A new exhibit of photographs shows how much the United States changed from the early 1900s to the middle of the 20th century.
One photograph, for example, captures a loving moment between a mother and her child. Another shows workers at the Empire State Building in New York City.
The exhibit has more than 130 pictures in all. The show is called “American Moments.” It can be seen through the middle of September at The Phillips Collection in Washington, DC.
The photographs were made from the 1930s to the 1960s. This was a time of great social, economic and technological change. The pictures were taken by some of the best-known photographers in the country.

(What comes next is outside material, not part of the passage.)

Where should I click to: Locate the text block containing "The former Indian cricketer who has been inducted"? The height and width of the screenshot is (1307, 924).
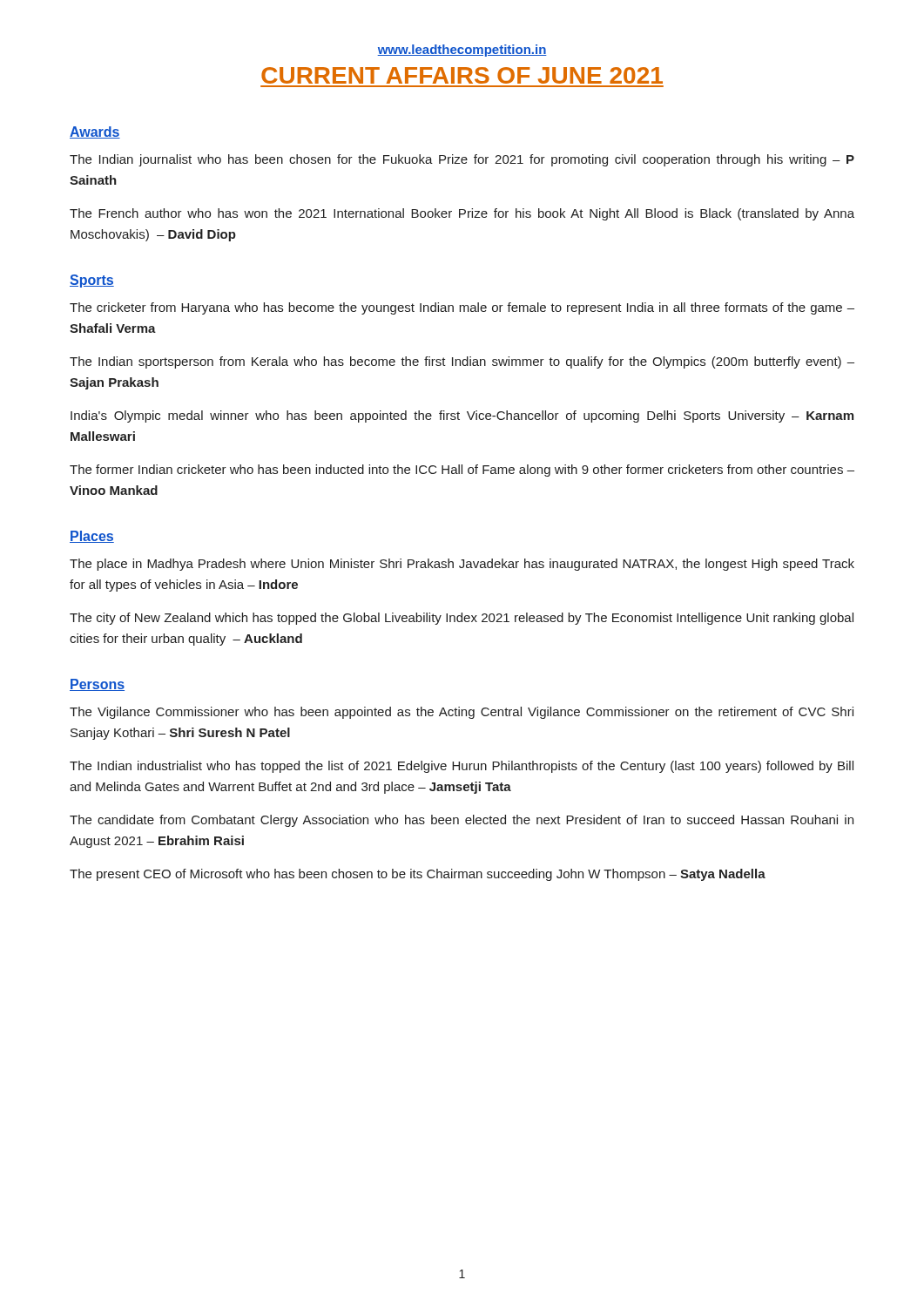(x=462, y=480)

Renée Maurer organized the exhibit.
“While putting the show together we realized that, you know, there was a story that could be told that reflected time, place and experience in America. Most of these photographs are from (the) mid-20th century. The themes reveal different ideas, different moments of change.”
Esther Bubley was a photojournalist. Renée Maurer told VOA Ms. Bubley used her camera to show the changing responsibilities of women in the workplace during the 1950s.
“I think it was the type of photographer that Esther Bubley was. She was always interested in, really, the human condition and how she could capture that in a photograph.”
Ms. Bubley took many pictures of people riding on buses. Bus travel increased greatly during World War II because the government limited the amount of gasoline Americans could buy, and the number of tires for civilian use. The military needed fuel and rubber for the war effort.
Photographers Bruce Davidson and Louis Faurer took pictures of people on buses, cars and trains. Ms. Maurer says Mr. Davidson also took many pictures showing poor people and the civil rights struggle in the segregated South.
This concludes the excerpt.